Он должен был украсить встречу,
стать прозрачным намеком,
послужить темой разговора о живописи
знаменитой картины Гогена
двух туземных женщин под деревом манго.
Взяв тебя за руку, я спросил бы,
нужна ль запятая
после «А» в знаменитой фразе названия:
«А ты ревнуешь?»
Сия фатальная запятая обнаруживает
злорадство соперницы – вместо удивленья подружки!
А нужно ли ревновать?
Есть, несомненно, различие
между поеданием манго вальяжного Гогена
и «Едоками картофеля» обезумевшего Ван Гога!
Они неразлучны, как библейские Гог и Магог,
но дело не в этом, а в том –
в каком месте пишется репортаж в окружающий мир,
откуда посылается сообщение в чуткие уши немногих людей?
А они с первого слова знают, устрашен ли ты
льющейся
вокруг тебя кровью
или радуешься душою при виде встающего солнца
над
мирной долиной,
стоит ли в твоем сердце ужас перед смеющимся своей шутке убийцей
или оно переполняется пением от взгляда возлюбленной, –
как сегодня утром в сем благословенном саду!
Я старательно вырезаю этот день из своего в общем-то
простого
существования,
не обращая внимания на до и после,
ибо он необъясним причиной и следствием,
как цветок, расцветший если не в пустыне, то все-таки неожиданно, –
улыбка Провидения бывает такой, она слетает из заоблачных далей
и на некоторое время поселяется у тебя на устах;
люди оглядываются, ища причину наступившему облегчению.
Времени на совместную дегустацию манго не оказалось.
Мои рассуждения догонят тебя в дороге,
по которой ты мчишься в красном автомобиле.

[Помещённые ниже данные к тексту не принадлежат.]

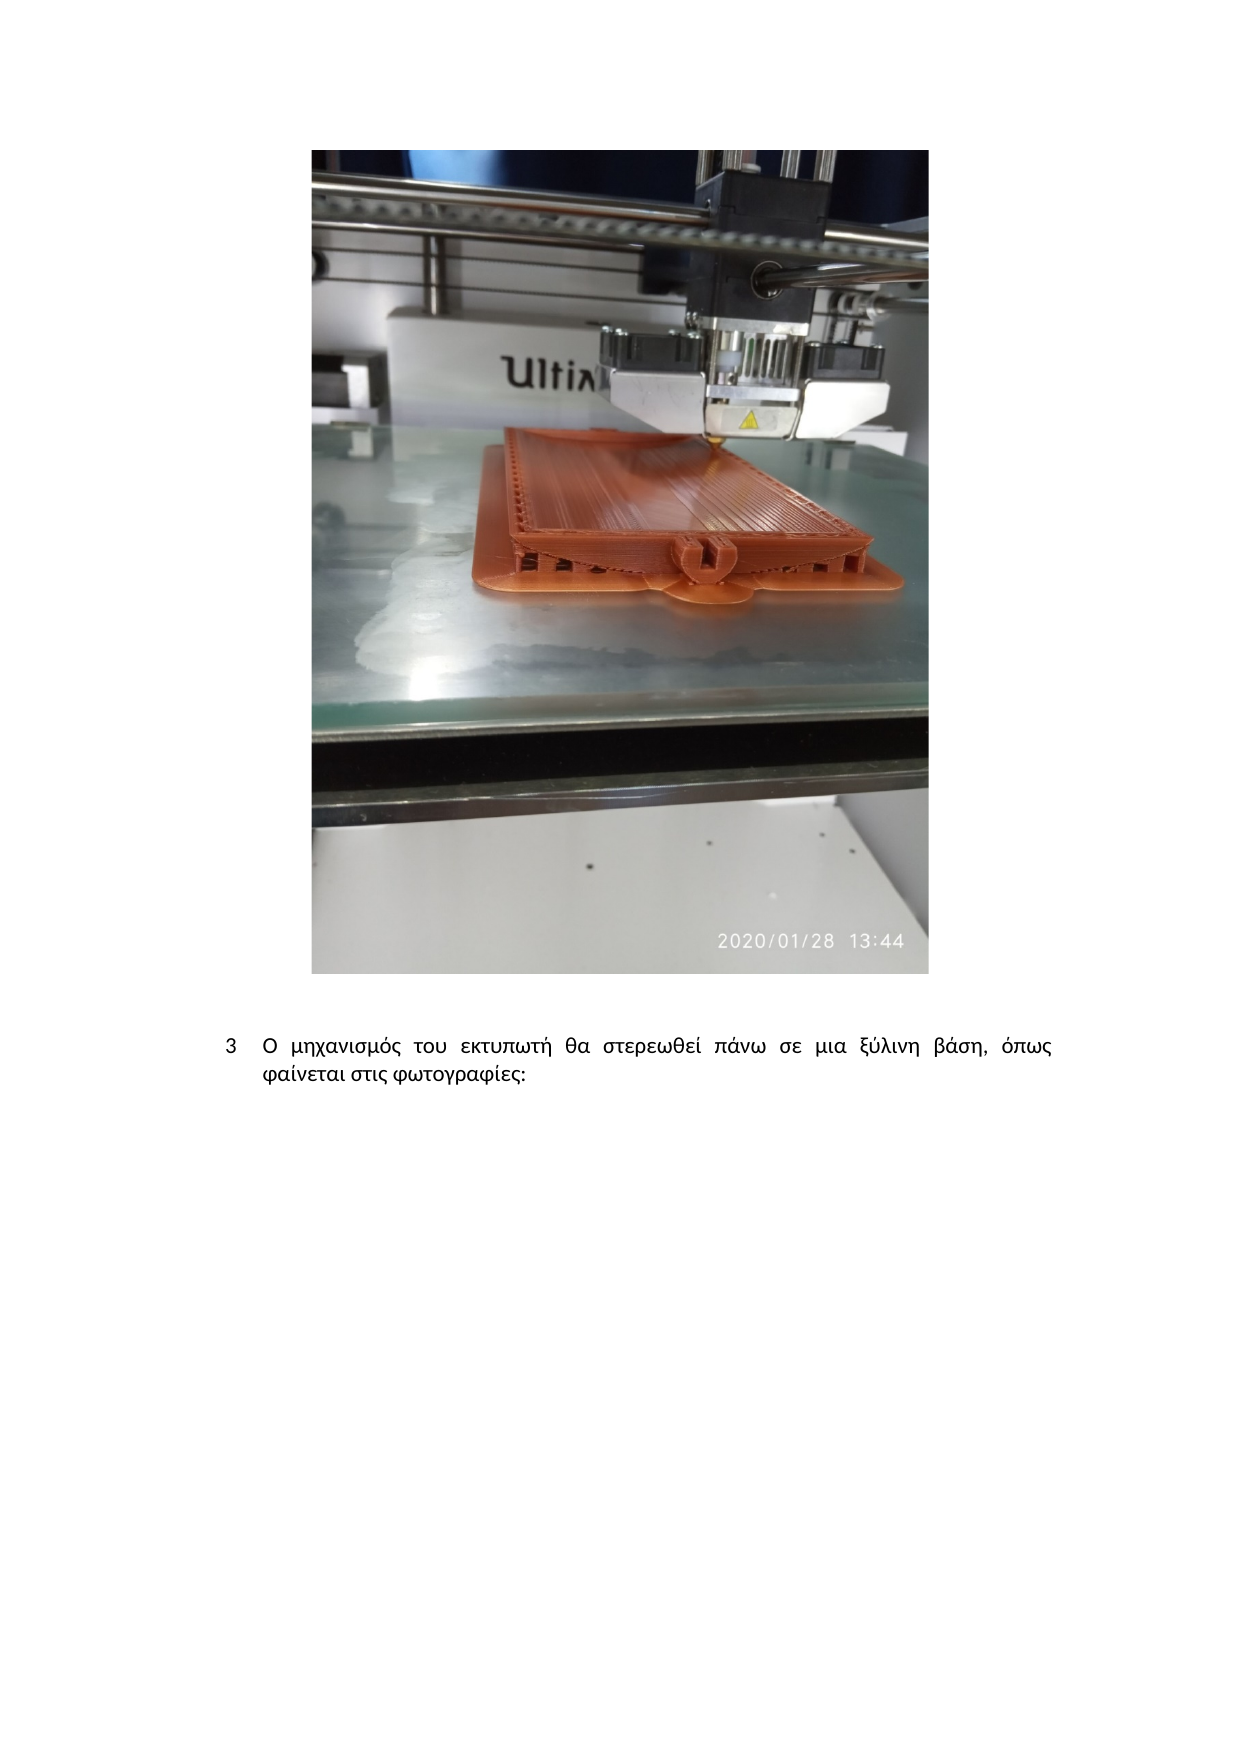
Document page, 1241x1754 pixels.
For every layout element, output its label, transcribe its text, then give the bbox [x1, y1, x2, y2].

list Ο μηχανισμός του εκτυπωτή θα στερεωθεί πάνω σε μια ξύλινη βάση, όπως φαίνεται στις φωτογραφίες: [225, 1032, 1053, 1088]
picture [311, 150, 929, 974]
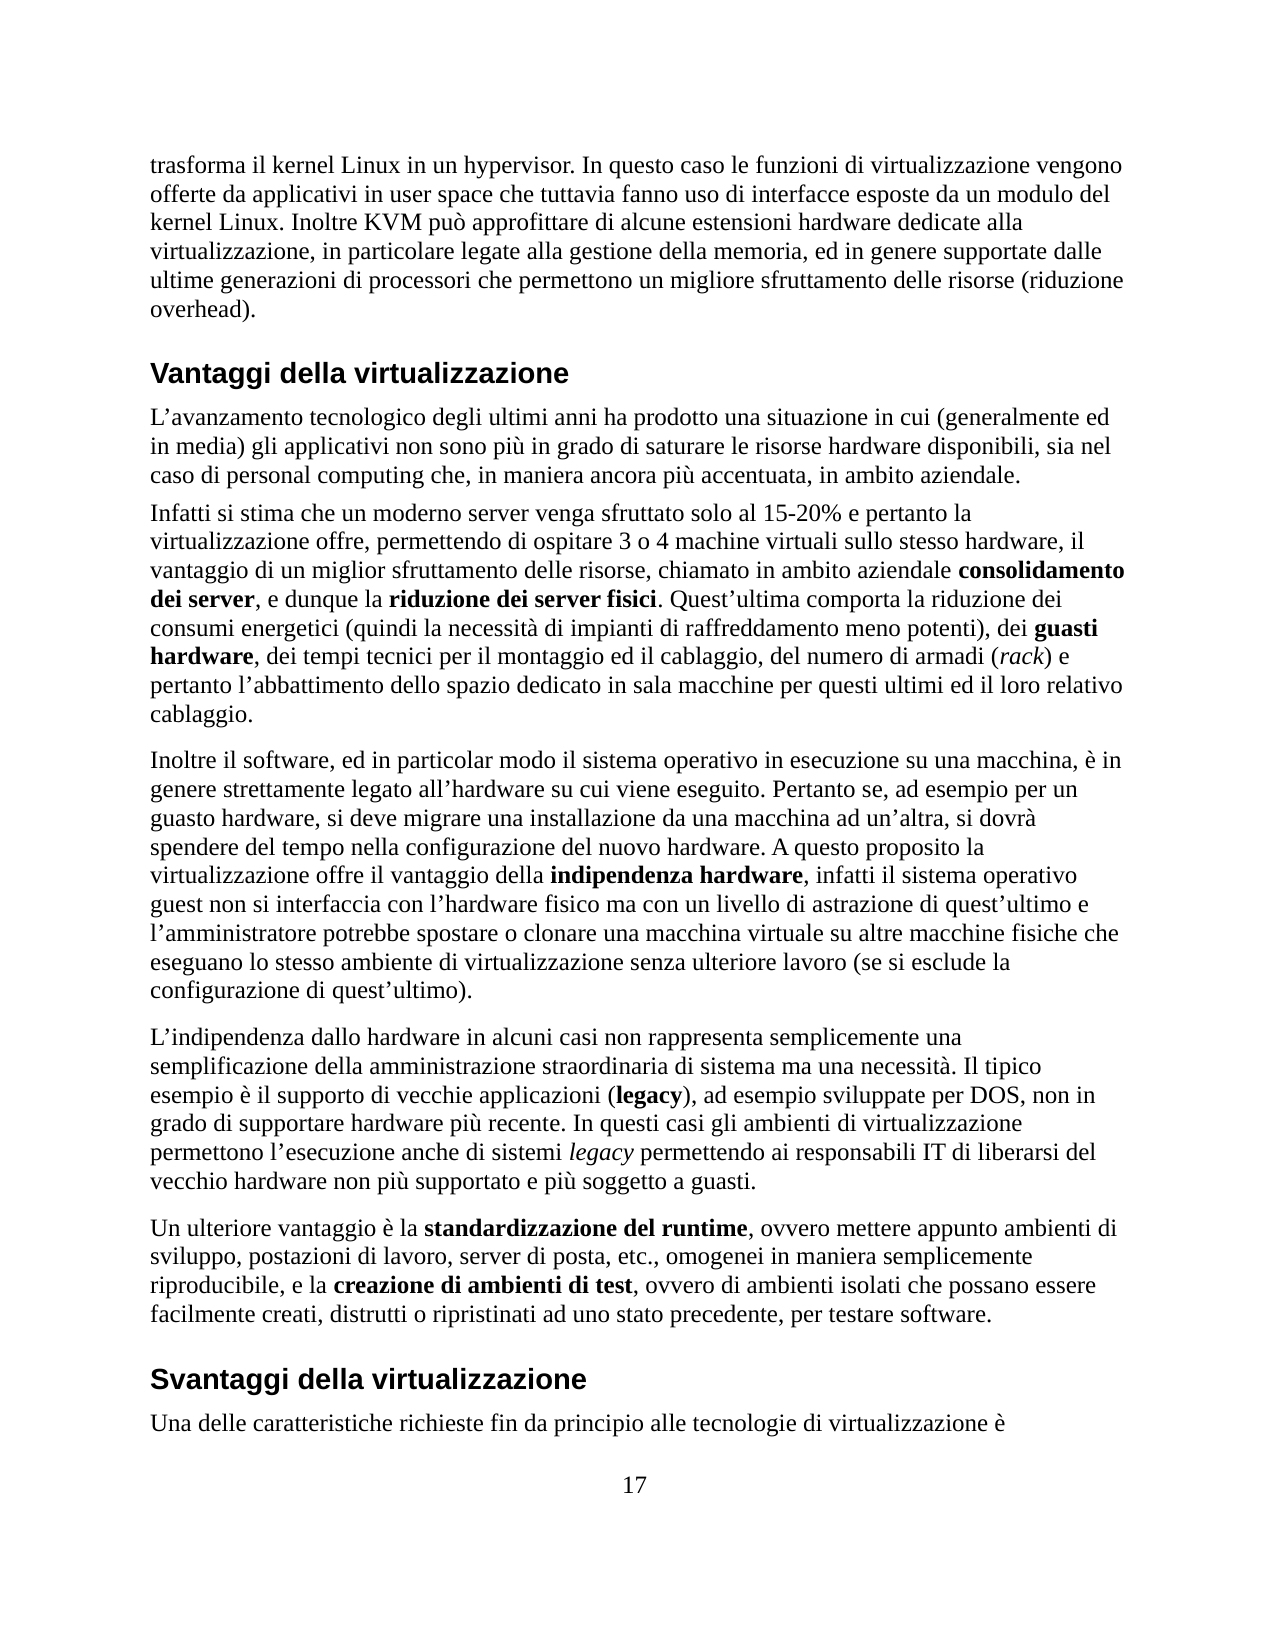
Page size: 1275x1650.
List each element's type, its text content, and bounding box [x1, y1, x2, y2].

subtitle Vantaggi della virtualizzazione [150, 356, 1125, 390]
text Una delle caratteristiche richieste fin da principio alle tecnologie di virtualizzazione è [150, 1408, 1125, 1436]
text L’avanzamento tecnologico degli ultimi anni ha prodotto una situazione in cui (generalmente ed in media) gli applicativi non sono più in grado di saturare le risorse hardware disponibili, sia nel caso di personal computing che, in maniera ancora più accentuata, in ambito aziendale. [150, 402, 1125, 489]
text Infatti si stima che un moderno server venga sfruttato solo al 15-20% e pertanto la virtualizzazione offre, permettendo di ospitare 3 o 4 machine virtuali sullo stesso hardware, il vantaggio di un miglior sfruttamento delle risorse, chiamato in ambito aziendale consolidamento dei server, e dunque la riduzione dei server fisici. Quest’ultima comporta la riduzione dei consumi energetici (quindi la necessità di impianti di raffreddamento meno potenti), dei guasti hardware, dei tempi tecnici per il montaggio ed il cablaggio, del numero di armadi (rack) e pertanto l’abbattimento dello spazio dedicato in sala macchine per questi ultimi ed il loro relativo cablaggio. [150, 498, 1125, 728]
text Inoltre il software, ed in particolar modo il sistema operativo in esecuzione su una macchina, è in genere strettamente legato all’hardware su cui viene eseguito. Pertanto se, ad esempio per un guasto hardware, si deve migrare una installazione da una macchina ad un’altra, si dovrà spendere del tempo nella configurazione del nuovo hardware. A questo proposito la virtualizzazione offre il vantaggio della indipendenza hardware, infatti il sistema operativo guest non si interfaccia con l’hardware fisico ma con un livello di astrazione di quest’ultimo e l’amministratore potrebbe spostare o clonare una macchina virtuale su altre macchine fisiche che eseguano lo stesso ambiente di virtualizzazione senza ulteriore lavoro (se si esclude la configurazione di quest’ultimo). [150, 746, 1125, 1004]
subtitle Svantaggi della virtualizzazione [150, 1362, 1125, 1395]
text L’indipendenza dallo hardware in alcuni casi non rappresenta semplicemente una semplificazione della amministrazione straordinaria di sistema ma una necessità. Il tipico esempio è il supporto di vecchie applicazioni (legacy), ad esempio sviluppate per DOS, non in grado di supportare hardware più recente. In questi casi gli ambienti di virtualizzazione permettono l’esecuzione anche di sistemi legacy permettendo ai responsabili IT di liberarsi del vecchio hardware non più supportato e più soggetto a guasti. [150, 1022, 1125, 1195]
text Un ulteriore vantaggio è la standardizzazione del runtime, ovvero mettere appunto ambienti di sviluppo, postazioni di lavoro, server di posta, etc., omogenei in maniera semplicemente riproducibile, e la creazione di ambienti di test, ovvero di ambienti isolati che possano essere facilmente creati, distrutti o ripristinati ad uno stato precedente, per testare software. [150, 1213, 1125, 1328]
text trasforma il kernel Linux in un hypervisor. In questo caso le funzioni di virtualizzazione vengono offerte da applicativi in user space che tuttavia fanno uso di interfacce esposte da un modulo del kernel Linux. Inoltre KVM può approfittare di alcune estensioni hardware dedicate alla virtualizzazione, in particolare legate alla gestione della memoria, ed in genere supportate dalle ultime generazioni di processori che permettono un migliore sfruttamento delle risorse (riduzione overhead). [150, 150, 1125, 322]
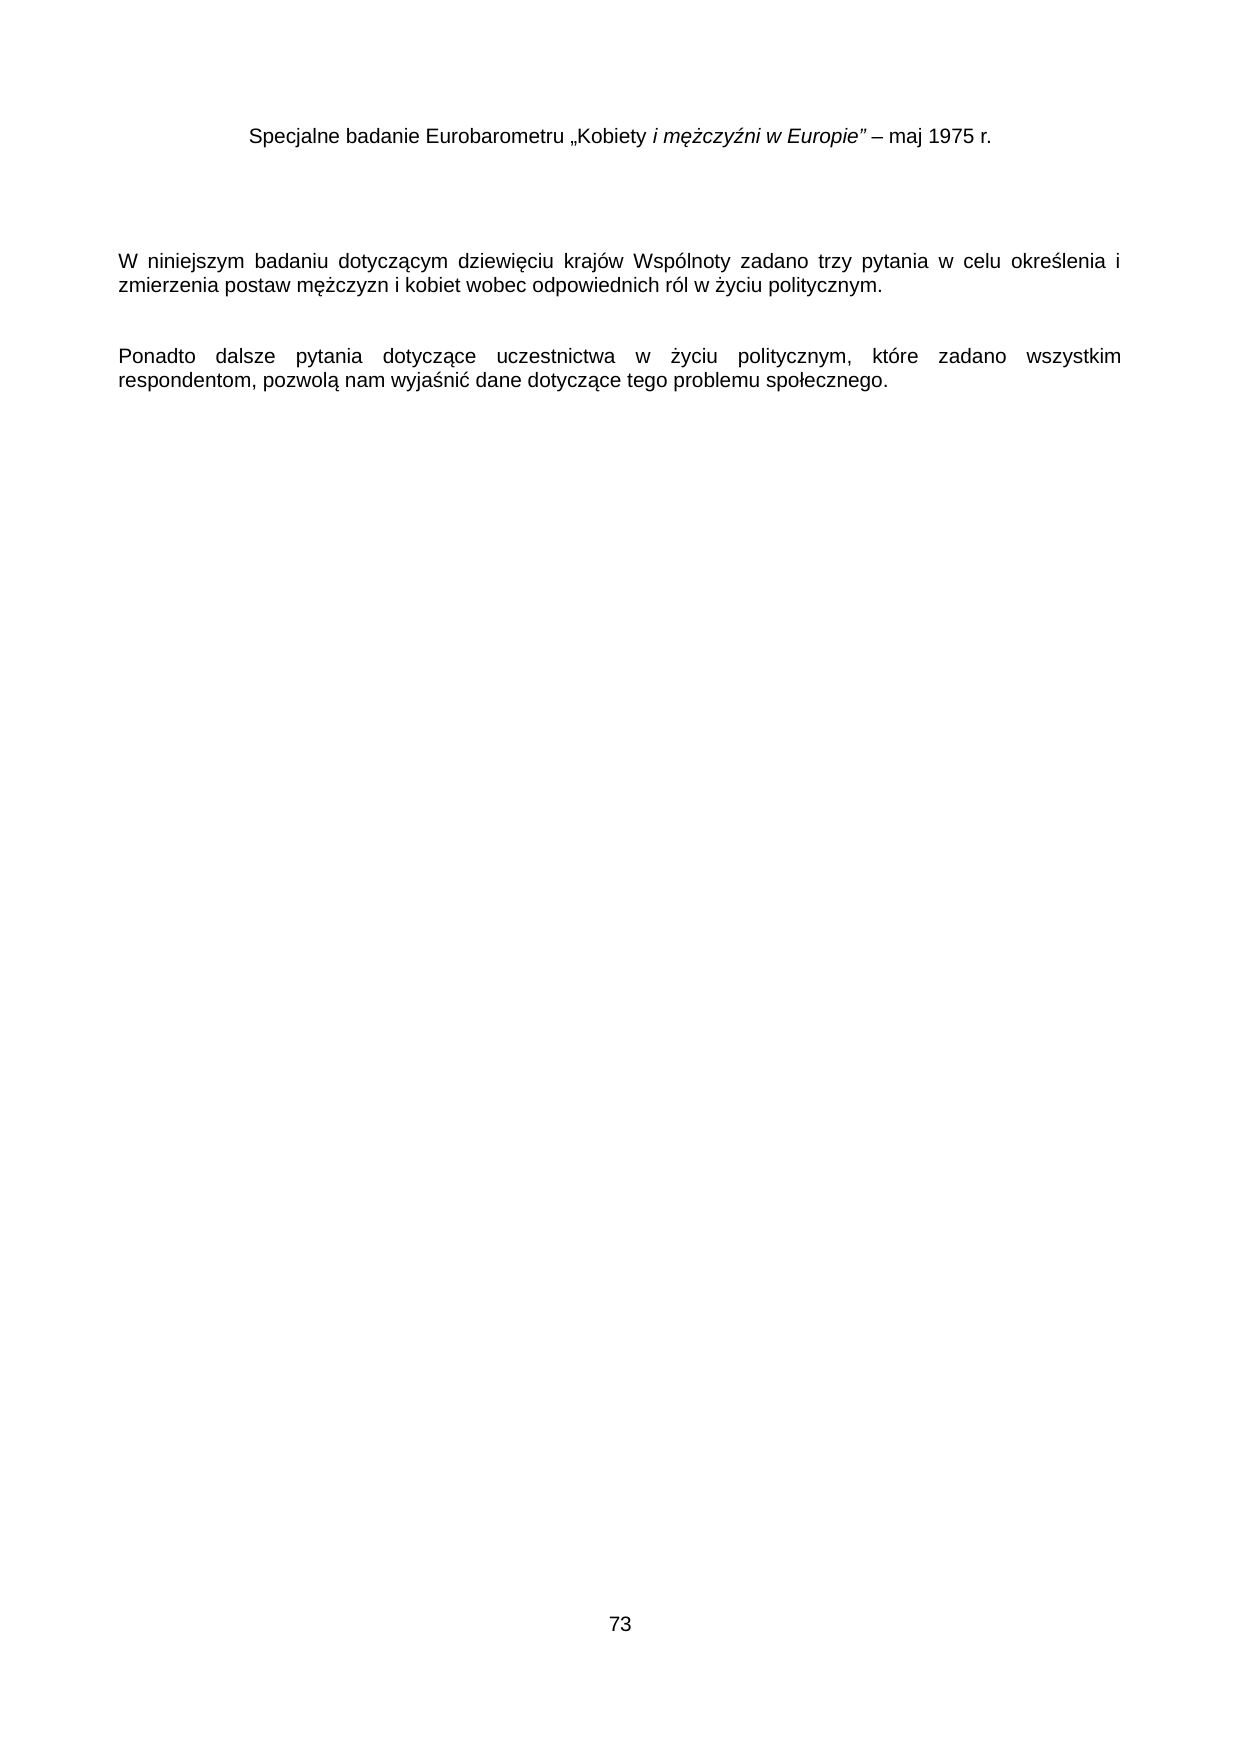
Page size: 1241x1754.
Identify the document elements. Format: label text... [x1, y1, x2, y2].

text W niniejszym badaniu dotyczącym dziewięciu krajów Wspólnoty zadano trzy pytania w celu określenia i zmierzenia postaw mężczyzn i kobiet wobec odpowiednich ról w życiu politycznym. [118, 249, 1122, 297]
text Ponadto dalsze pytania dotyczące uczestnictwa w życiu politycznym, które zadano wszystkim respondentom, pozwolą nam wyjaśnić dane dotyczące tego problemu społecznego. [118, 344, 1122, 392]

Только не забывай о моем призыве к осторожности,
о том, что к твоему бытию привязаны нити
других жизней, и моей в том числе…
Так получилось: ты такой человек,
что мы живем твоею любовью
и любовью к тебе…
Шартр
– Париж
И ТЫ
ЗАМИРАЕШЬ В ПЛЕНУ
Постепенно беззаботность входит
в пространство, называемое душою,
и уже иные ритмы колышатся на горизонте,
и слышимые шумы открывают другое значение,
но еще далеко до всемирного благодушия,
еще торчат иголки из рук и ног семидесятилетнего,
и за кем-нибудь не получается побежать,
разве что проводишь взглядом загорелую велосипедистку,
блеснувшую улыбкой в ответ на твое внимание.
А уже птички тебя не опасаются,
уже чувствуют твои ограниченные возможности
и ходят совсем близко по травке в надежде на крошки,
и ты вспоминаешь, что они души умерших
и исчезнувших твоих, любивших любимых,
и сердце сжимается, а уж горло…
И ты замираешь в плену, обступившем тебя любовью.